L'actrice se fait rare à l'écran, mais c'était pour être plus proche de ses deux fils, Barnabé (28 ans) et Gabriel Kane (13 ans). "Je ne me suis pas lancée comme l'aurait fait toute ambitieuse qui se respecte. Je crois sincèrement que pour être une actrice avec une carrière qu'elle mérite, il faut de la chance, mais aussi beaucoup de liberté, et pas de responsabilités, or j'ai toujours eu des responsabilités, j'ai toujours été un chef de famille, un patriarche même, je me suis occupée de tout le monde tout le temps, j'ai fait passer les autres avant moi, ça ne fait pas de moi une sainte", sourit la comédienne.
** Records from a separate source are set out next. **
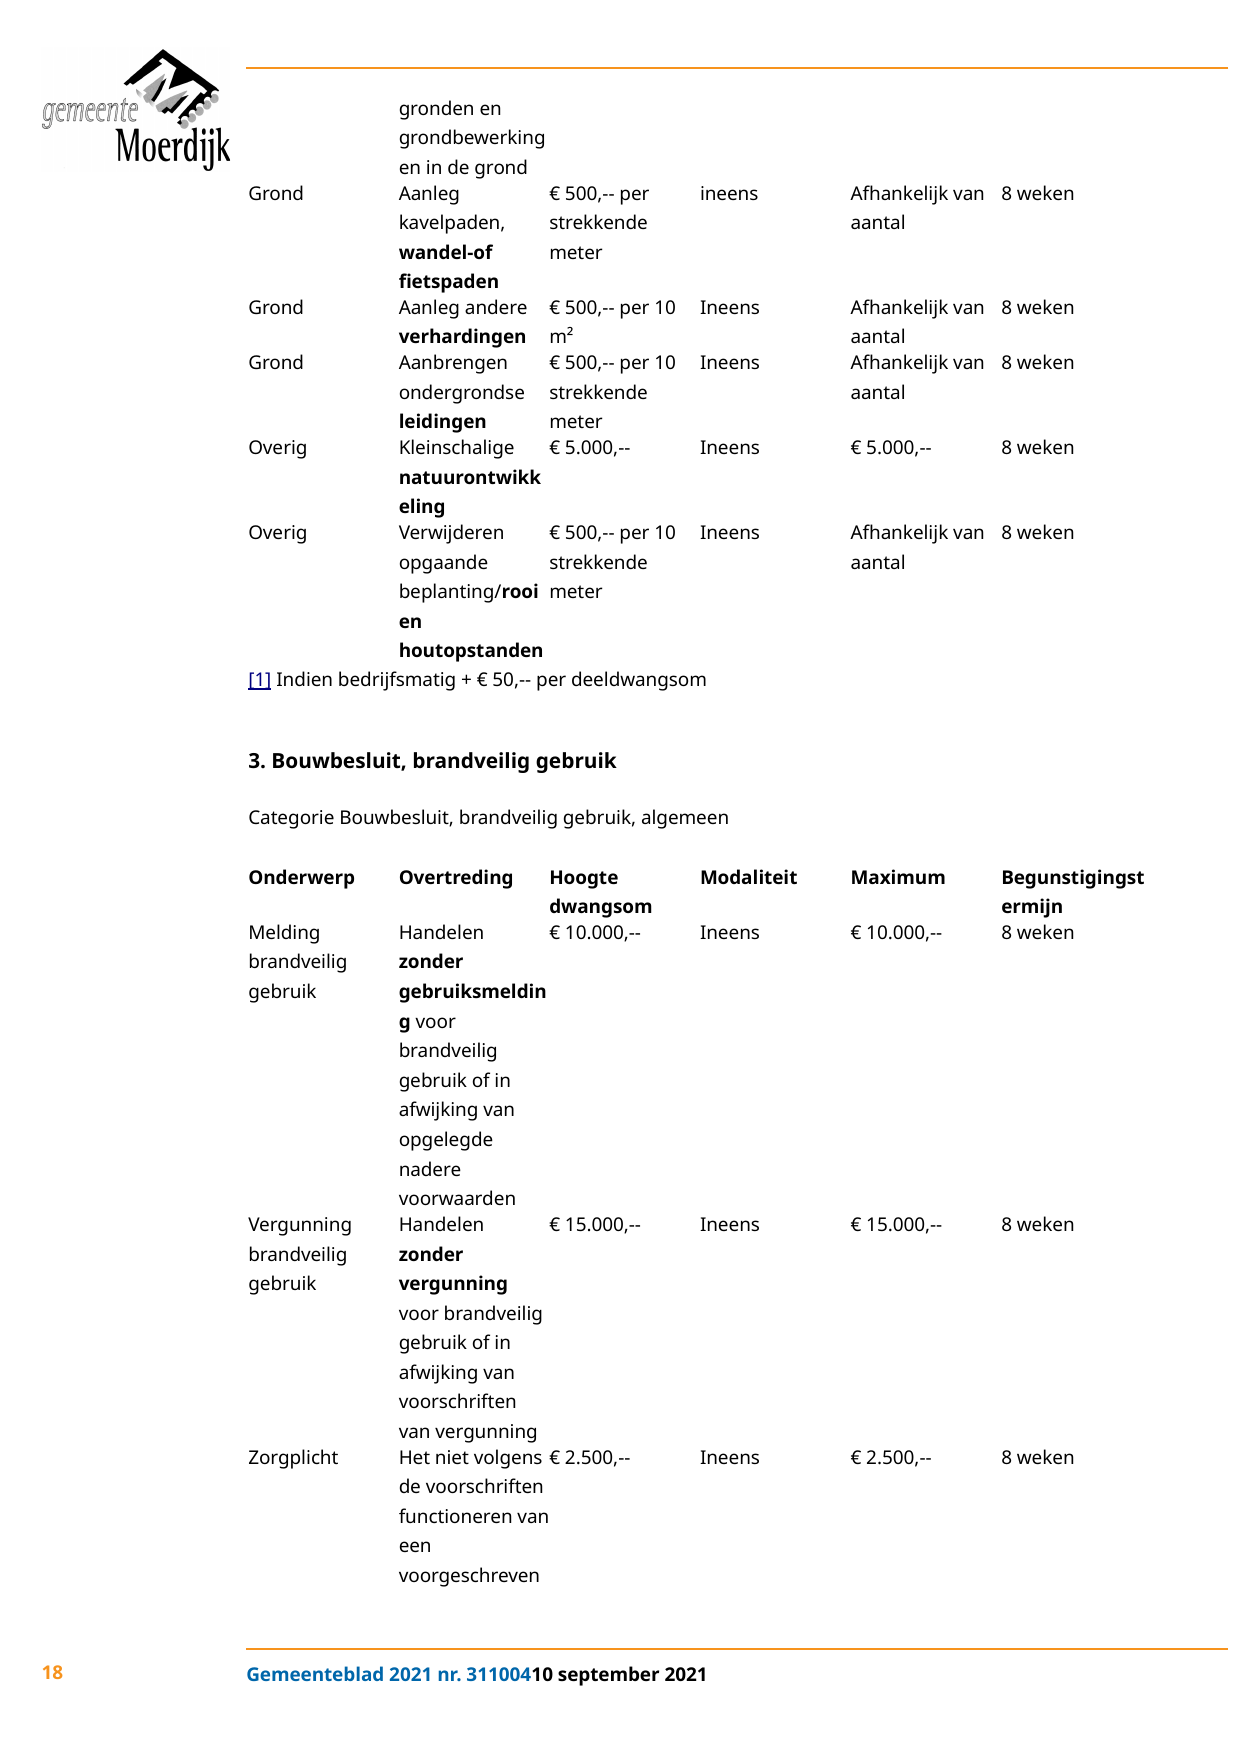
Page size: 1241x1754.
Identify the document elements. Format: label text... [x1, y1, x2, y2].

table_cell Aanleg kavelpaden, wandel-of fietspaden [399, 180, 549, 294]
table_cell 8 weken [1001, 294, 1152, 349]
table_cell 8 weken [1001, 434, 1152, 519]
table_cell € 10.000,-- [549, 919, 700, 1211]
table_cell Aanbrengen ondergrondse leidingen [399, 350, 549, 434]
table_cell [549, 95, 700, 180]
table_cell € 15.000,-- [549, 1211, 700, 1444]
table_cell € 500,-- per 10 strekkende meter [549, 350, 700, 434]
table_cell [1001, 95, 1152, 180]
table_cell Overig [248, 519, 398, 663]
table_cell € 5.000,-- [850, 434, 1001, 519]
table_cell 8 weken [1001, 919, 1152, 1211]
table_cell Ineens [700, 294, 850, 349]
table_cell Overig [248, 434, 398, 519]
table_cell Handelen zonder gebruiksmelding voor brandveilig gebruik of in afwijking van opgelegde nadere voorwaarden [399, 919, 549, 1211]
table_cell € 5.000,-- [549, 434, 700, 519]
table_cell Aanleg andere verhardingen [399, 294, 549, 349]
table_cell [248, 95, 398, 180]
text [1] Indien bedrijfsmatig + € 50,-- per deeldwangsom [248, 667, 1152, 692]
table_cell Afhankelijk van aantal [850, 350, 1001, 434]
table_cell [700, 95, 850, 180]
table_cell 8 weken [1001, 180, 1152, 294]
table_cell Ineens [700, 350, 850, 434]
table_header Maximum [850, 864, 1001, 919]
table_header Begunstigingstermijn [1001, 864, 1152, 919]
table_cell € 2.500,-- [850, 1444, 1001, 1588]
table_cell 8 weken [1001, 1211, 1152, 1444]
table_cell Grond [248, 294, 398, 349]
table_cell Afhankelijk van aantal [850, 519, 1001, 663]
table_header Onderwerp [248, 864, 398, 919]
table_cell € 15.000,-- [850, 1211, 1001, 1444]
table_cell Het niet volgens de voorschriften functioneren van een voorgeschreven [399, 1444, 549, 1588]
table_cell € 500,-- per 10 strekkende meter [549, 519, 700, 663]
table_cell € 500,-- per 10 m² [549, 294, 700, 349]
table_header Overtreding [399, 864, 549, 919]
table_cell [850, 95, 1001, 180]
table_header Modaliteit [700, 864, 850, 919]
table_cell 8 weken [1001, 519, 1152, 663]
table_cell € 2.500,-- [549, 1444, 700, 1588]
table_cell Afhankelijk van aantal [850, 294, 1001, 349]
table_cell € 10.000,-- [850, 919, 1001, 1211]
table_cell Grond [248, 180, 398, 294]
table_cell Ineens [700, 919, 850, 1211]
table_cell Ineens [700, 1444, 850, 1588]
table_cell Kleinschalige natuurontwikkeling [399, 434, 549, 519]
table_header Hoogte dwangsom [549, 864, 700, 919]
table_cell Grond [248, 350, 398, 434]
table_cell € 500,-- per strekkende meter [549, 180, 700, 294]
table_cell Handelen zonder vergunning voor brandveilig gebruik of in afwijking van voorschriften van vergunning [399, 1211, 549, 1444]
table_cell Zorgplicht [248, 1444, 398, 1588]
table_cell Ineens [700, 1211, 850, 1444]
picture [41, 47, 231, 172]
table_cell gronden en grondbewerkingen in de grond [399, 95, 549, 180]
table_cell ineens [700, 180, 850, 294]
text Categorie Bouwbesluit, brandveilig gebruik, algemeen [248, 804, 1152, 830]
table_cell 8 weken [1001, 350, 1152, 434]
table_cell Afhankelijk van aantal [850, 180, 1001, 294]
table_cell Ineens [700, 434, 850, 519]
text 3. Bouwbesluit, brandveilig gebruik [248, 747, 1152, 775]
table_cell Ineens [700, 519, 850, 663]
table_cell 8 weken [1001, 1444, 1152, 1588]
table_cell Verwijderen opgaande beplanting/rooien houtopstanden [399, 519, 549, 663]
table_cell Vergunning brandveilig gebruik [248, 1211, 398, 1444]
table_cell Melding brandveilig gebruik [248, 919, 398, 1211]
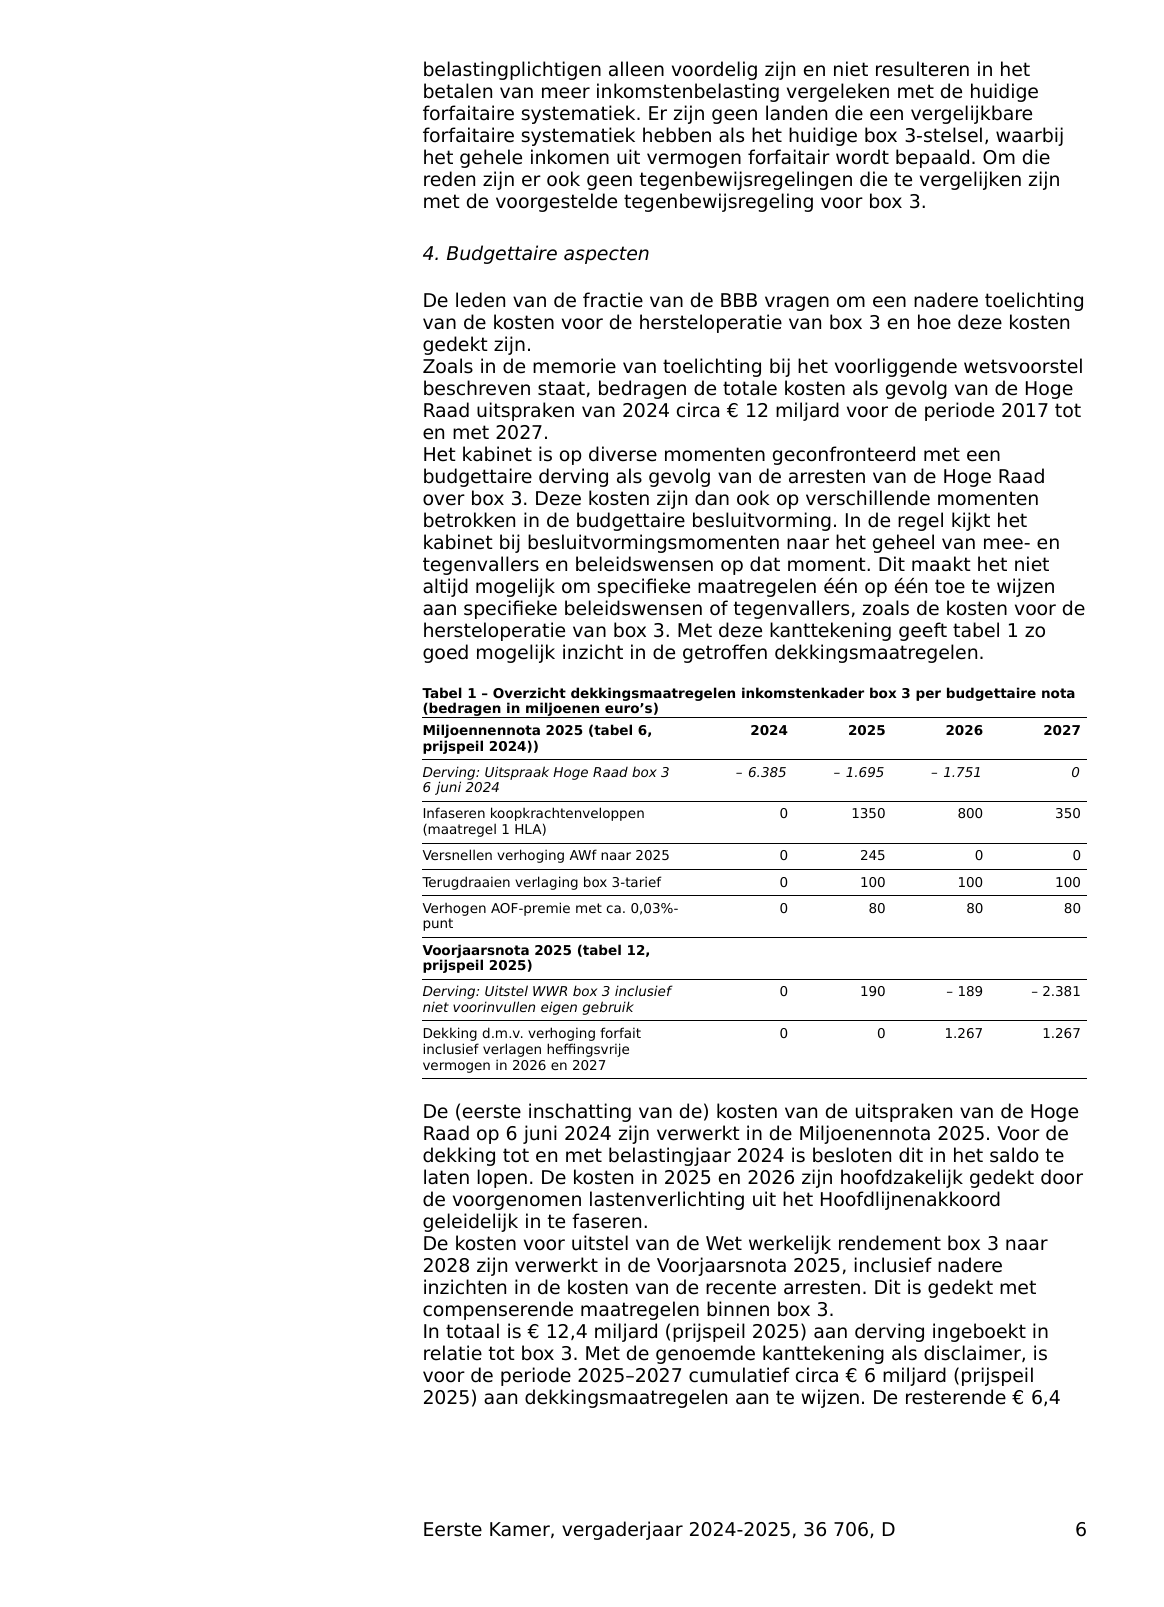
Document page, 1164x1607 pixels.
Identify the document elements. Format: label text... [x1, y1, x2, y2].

text In totaal is € 12,4 miljard (prijspeil 2025) aan derving ingeboekt in relatie tot box 3. Met de genoemde kanttekening als disclaimer, is voor de periode 2025–2027 cumulatief circa € 6 miljard (prijspeil 2025) aan dekkingsmaatregelen aan te wijzen. De resterende € 6,4 [422, 1321, 1087, 1409]
text Het kabinet is op diverse momenten geconfronteerd met een budgettaire derving als gevolg van de arresten van de Hoge Raad over box 3. Deze kosten zijn dan ook op verschillende momenten betrokken in de budgettaire besluitvorming. In de regel kijkt het kabinet bij besluitvormingsmomenten naar het geheel van mee- en tegenvallers en beleidswensen op dat moment. Dit maakt het niet altijd mogelijk om specifieke maatregelen één op één toe te wijzen aan specifieke beleidswensen of tegenvallers, zoals de kosten voor de hersteloperatie van box 3. Met deze kanttekening geeft tabel 1 zo goed mogelijk inzicht in de getroffen dekkingsmaatregelen. [422, 444, 1087, 663]
table_cell 800 [891, 802, 989, 842]
table_cell 1.267 [989, 1021, 1087, 1078]
table_cell 0 [794, 1021, 891, 1078]
table_cell – 1.695 [794, 760, 891, 801]
table_cell 0 [989, 760, 1087, 801]
table_header Tabel 1 – Overzicht dekkingsmaatregelen inkomstenkader box 3 per budgettaire nota (bedragen in miljoenen euro’s) [422, 685, 1087, 717]
table_cell Versnellen verhoging AWf naar 2025 [422, 844, 696, 869]
table_cell 245 [794, 844, 891, 869]
table_cell Voorjaarsnota 2025 (tabel 12, prijspeil 2025) [422, 938, 696, 978]
text De (eerste inschatting van de) kosten van de uitspraken van de Hoge Raad op 6 juni 2024 zijn verwerkt in de Miljoenennota 2025. Voor de dekking tot en met belastingjaar 2024 is besloten dit in het saldo te laten lopen. De kosten in 2025 en 2026 zijn hoofdzakelijk gedekt door de voorgenomen lastenverlichting uit het Hoofdlijnenakkoord geleidelijk in te faseren. [422, 1101, 1087, 1233]
table_cell 100 [989, 870, 1087, 895]
table_cell 0 [696, 980, 794, 1020]
text De leden van de fractie van de BBB vragen om een nadere toelichting van de kosten voor de hersteloperatie van box 3 en hoe deze kosten gedekt zijn. [422, 290, 1087, 356]
table_cell 1350 [794, 802, 891, 842]
table_cell – 6.385 [696, 760, 794, 801]
table_cell Derving: Uitspraak Hoge Raad box 3 6 juni 2024 [422, 760, 696, 801]
table_cell [891, 938, 989, 978]
table_cell – 1.751 [891, 760, 989, 801]
table_cell 0 [696, 896, 794, 937]
table_cell 100 [794, 870, 891, 895]
table_cell [696, 938, 794, 978]
table_cell [794, 938, 891, 978]
table_cell Infaseren koopkrachtenveloppen (maatregel 1 HLA) [422, 802, 696, 842]
table_cell 190 [794, 980, 891, 1020]
text De kosten voor uitstel van de Wet werkelijk rendement box 3 naar 2028 zijn verwerkt in de Voorjaarsnota 2025, inclusief nadere inzichten in de kosten van de recente arresten. Dit is gedekt met compenserende maatregelen binnen box 3. [422, 1233, 1087, 1321]
table_cell 0 [696, 1021, 794, 1078]
table_cell 100 [891, 870, 989, 895]
table_cell 0 [989, 844, 1087, 869]
table_cell Verhogen AOF-premie met ca. 0,03%-punt [422, 896, 696, 937]
table_cell [989, 938, 1087, 978]
table_cell – 189 [891, 980, 989, 1020]
table_cell 2026 [891, 718, 989, 759]
table_cell Dekking d.m.v. verhoging forfait inclusief verlagen heffingsvrĳe vermogen in 2026 en 2027 [422, 1021, 696, 1078]
table_cell Terugdraaien verlaging box 3-tarief [422, 870, 696, 895]
table_cell 2025 [794, 718, 891, 759]
table_cell 2027 [989, 718, 1087, 759]
table_cell 0 [696, 844, 794, 869]
subtitle 4. Budgettaire aspecten [422, 243, 1087, 265]
table_cell 350 [989, 802, 1087, 842]
table_cell 1.267 [891, 1021, 989, 1078]
table_cell – 2.381 [989, 980, 1087, 1020]
table_cell 2024 [696, 718, 794, 759]
table_cell Miljoennennota 2025 (tabel 6, prijspeil 2024)) [422, 718, 696, 759]
table_cell Derving: Uitstel WWR box 3 inclusief niet voorinvullen eigen gebruik [422, 980, 696, 1020]
table_cell 0 [696, 870, 794, 895]
table_cell 80 [891, 896, 989, 937]
table_cell 0 [891, 844, 989, 869]
table_cell 80 [989, 896, 1087, 937]
table_cell 0 [696, 802, 794, 842]
text Zoals in de memorie van toelichting bij het voorliggende wetsvoorstel beschreven staat, bedragen de totale kosten als gevolg van de Hoge Raad uitspraken van 2024 circa € 12 miljard voor de periode 2017 tot en met 2027. [422, 356, 1087, 444]
text belastingplichtigen alleen voordelig zijn en niet resulteren in het betalen van meer inkomstenbelasting vergeleken met de huidige forfaitaire systematiek. Er zijn geen landen die een vergelijkbare forfaitaire systematiek hebben als het huidige box 3-stelsel, waarbij het gehele inkomen uit vermogen forfaitair wordt bepaald. Om die reden zijn er ook geen tegenbewijsregelingen die te vergelijken zijn met de voorgestelde tegenbewijsregeling voor box 3. [422, 59, 1087, 213]
table_cell 80 [794, 896, 891, 937]
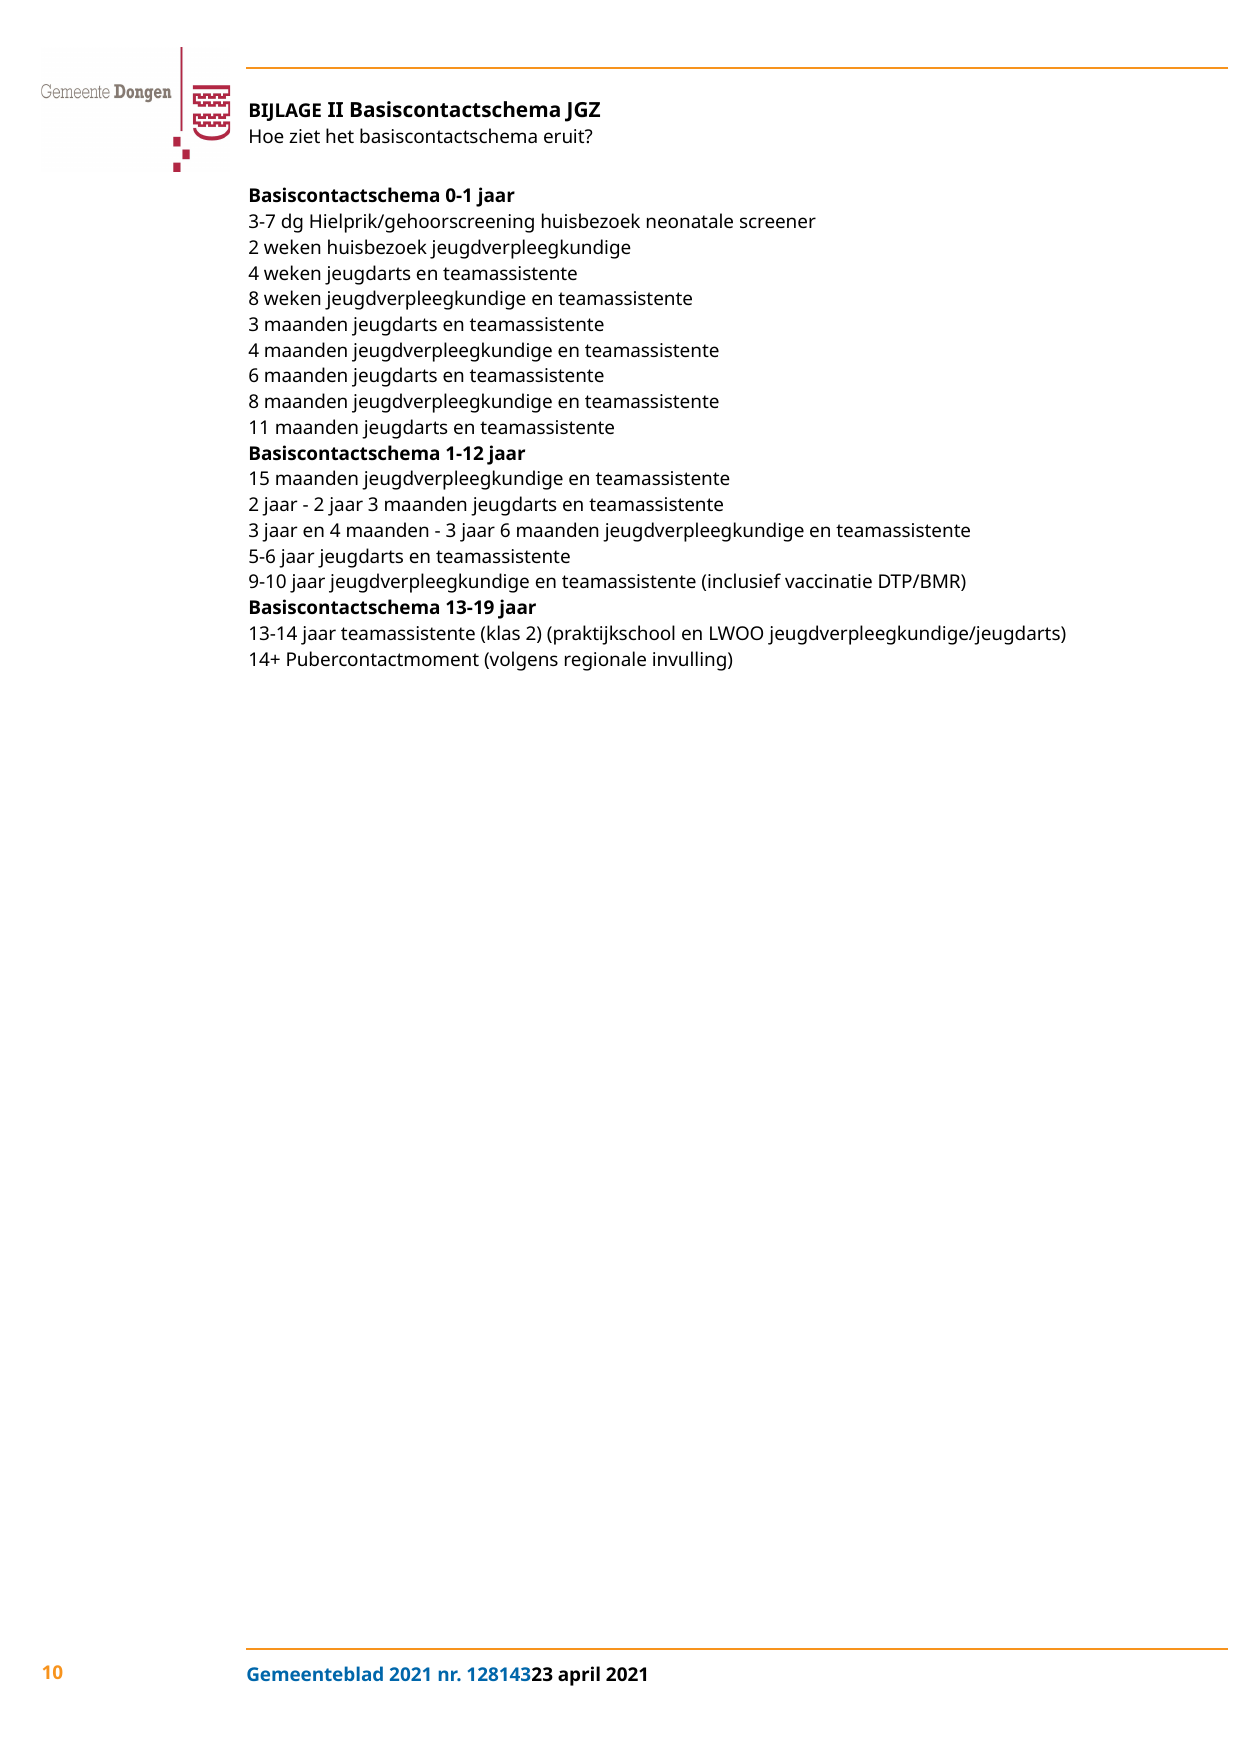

"C'est vrai que je travaille moins que les autres, parce que je passe beaucoup de temps chez moi", dit-elle, "Pour moi, ce n'est pas possible de partir faire un film sans voir mon fils pendant trois mois. Je ne sais pas comment font les autres actrices, si les nounous arrivent à les remplacer, ou si elles ont un mec formidable à la maison, qui tient le gouvernail quand maman n'est pas là. Mais nous ne sommes pas la profession la plus stable sur le plan sentimental et conjugal".

"Une place à part"

"Ce n'est pas un métier que je fais pour l'argent ou être célèbre, j'ai envie de faire des choses inattendues", affirme Isabelle Adjani, "Je vais essayer de m'organiser pour l'année qui vient, parce que j'ai pas mal de projets". L'actrice a ainsi pris une option sur le livre de Catherine Rambert, "Imposture sur papier glacé", qu'elle fait adapter : "Une comédie de mœurs sur les people, qui peut être amusante à faire". Elle se réjouit de travailler avec les "Grolandais" Benoît Delepine et Gustave Kervern (coréalisateurs de "Louise Michel") : "Ils m'écrivent un film, ce qui m'enchante ; quand ils seront prêts, je serai prête pour eux». Il y a aussi un projet avec Yamina Benguigui, "Elle est en train d'écrire le scénario", et un autre film dont le tournage devrait commencer en juin.

Le théâtre ? "Pourquoi pas, j'adore ça, mais en ce moment ça m'empêcherait de faire des films", répond-elle. Et puis il y a encore cet album de duos enregistrés avec Étienne Daho, Christophe, Seal, Akhenaton... produit par Pascal Obispo : "Il est fait, mais il ne veut pas le sortir dans l'état de l'industrie du disque actuel, il cherche une idée pour le diffuser". "Sans mégalomanie", Isabelle Adjani veut "occuper une place à part". La sienne.